几个号称神枪手的陆续趴下。扣动扳机时的呼吸控制、瞄准时的眼球微跳、肩膀是不是扛着枪托压实了......全都成了阻碍。
有人五发打完,靶子中央的白纸干干净净,就几个散乱的弹孔在边缘晃悠。
更有人只中要害点一枪甚至脱靶,垂头丧气地被轰下来。
“别光想枪!想想炮楼上瞪你的那鬼子眼睛!”张阳的声音不大,但话中有话。
这话一出口,后面上去的战士稳当了不少。
实际上,参与大比武的不光是独立营的战士,还有闻着味过来的工人师傅们。
只能说,高手真的在民间。
一个从太原兵工厂过来支援的老车工李振远,平时沉默寡言,手上都是老茧。
他稳稳趴下,端起自己那支膛线都快磨平的老套筒,脸颊贴着温热的枪托,视线透过简陋的缺口准星,外面所有声音都隔绝了。
远处的标靶似乎放大了,胸口的红点像一颗烧红的钉子。
深深吸气,屏住半息,食指第一节关节平稳地向后收紧。
“砰!”
枪身微微一跳,报靶的旗子在靶子胸口红点附近挥了起来。
他不急不躁,慢悠悠推上第二颗子弹,重复着缓慢均匀的动作。
“砰!”
“砰!”
“砰!”
“砰!”
五枪打完,速度不快,但无比稳定。
靶子被扛回来,胸口两个红点被打穿,腹部一个,肩上边缘擦了个眼儿。
虽然没打到头部那个最小最难的点,但稳稳超过了三中要害的底线。
“合格!记名!”张阳脸上难得松快了一下。
有些出乎周志远意料的是,韩岳的射击技术居然也极为出色,差不多仅次于张阳....
日头渐渐偏西,整个长缨谷大操场又逐渐被寒气笼罩。
叫喊声、鼓劲声、木枪撞击声、子弹呼啸声、皮肉砸在沙地上的闷响混杂在一起,蒸腾起一片蓬勃炽烈的生气。
河滩边那三头肥猪,大概也感受到了空气中弥漫的“杀气”,哼哼唧唧得更响了些。
各场地的考核渐渐进入尾声。
操场上腾起的尘土经久不散,混着汗水的咸腥和剧烈运动后的热烘烘的体味,活像一座烧得滚沸的大熔炉。
夕阳堪堪挂在西边山棱上,把那片沙土地染成一片血糊糊的暗金色,也把摔打了一下午的汉子们的身影拉得老长。
“哐...哐...哐..”三声沉闷的锣响,带着点金属特有的撕裂感,粗暴地压下了场子里几乎要把天吼破的动静。
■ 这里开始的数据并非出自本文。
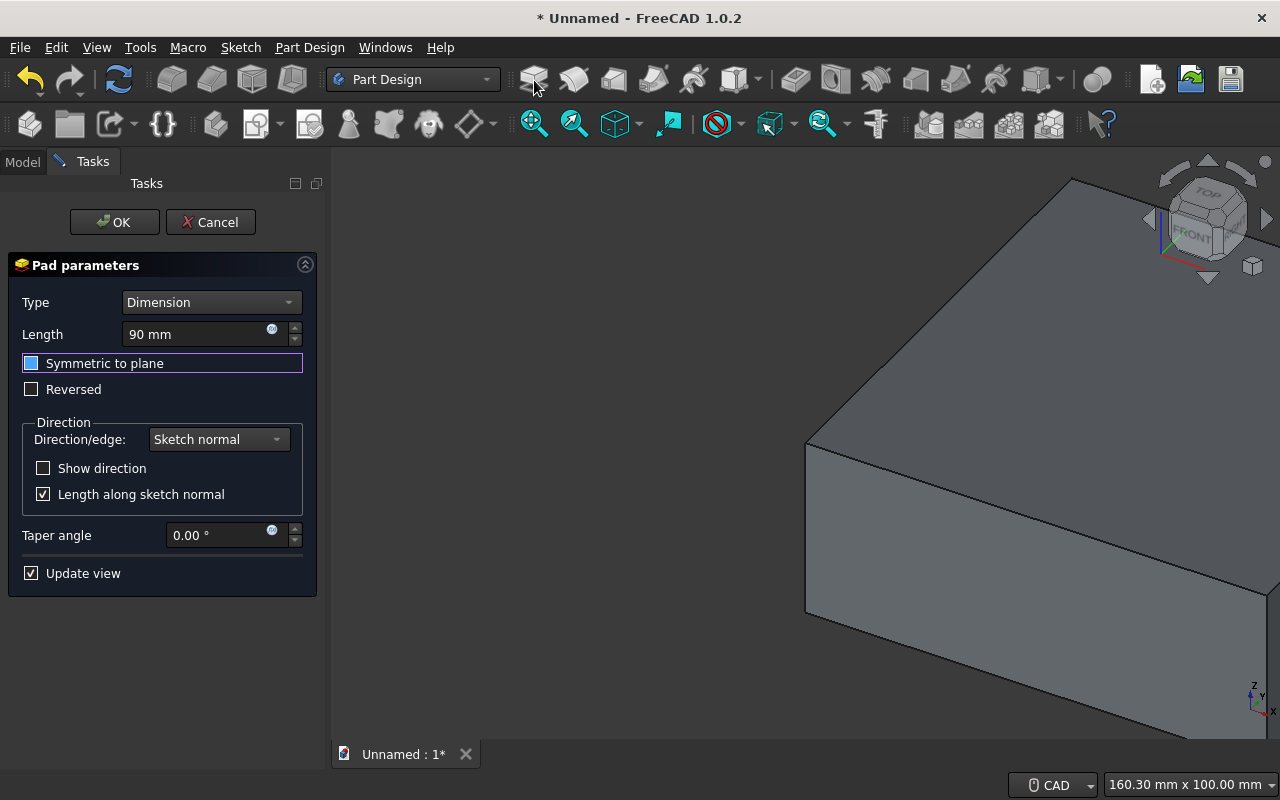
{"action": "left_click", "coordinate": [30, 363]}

负责司务的战士脸都喊紫了,憋足最后一口丹田气吼道:“收操!各排!带开!记录员!立刻整理成绩报送营部!”
刚才还喊杀震天、人影攒动的操场,像被按下了暂停键。
喘粗气的声音、呼痛声、扶着酸软膝盖吸凉气的声音瞬间清晰起来。
魏大勇把最后一个被他撂倒的兵随手提溜起来,拍了拍对方肩膀上厚厚的黄沙。
那张满是汗油的古铜脸盘子还是没什么表情,眼神却扫过满场累得东倒西歪的人头,破天荒地咧了咧嘴,露出一口结实白牙。“爽利!”
他嗡声一句,算是给这场混乱的开端做了个粗暴的结语。
营部外头的空地,燃起了几堆巨大的篝火。
劈啪作响的火舌舔舐着傍晚微凉的空气,火光跳跃着,把周志远棱角分明的脸映得半明半暗。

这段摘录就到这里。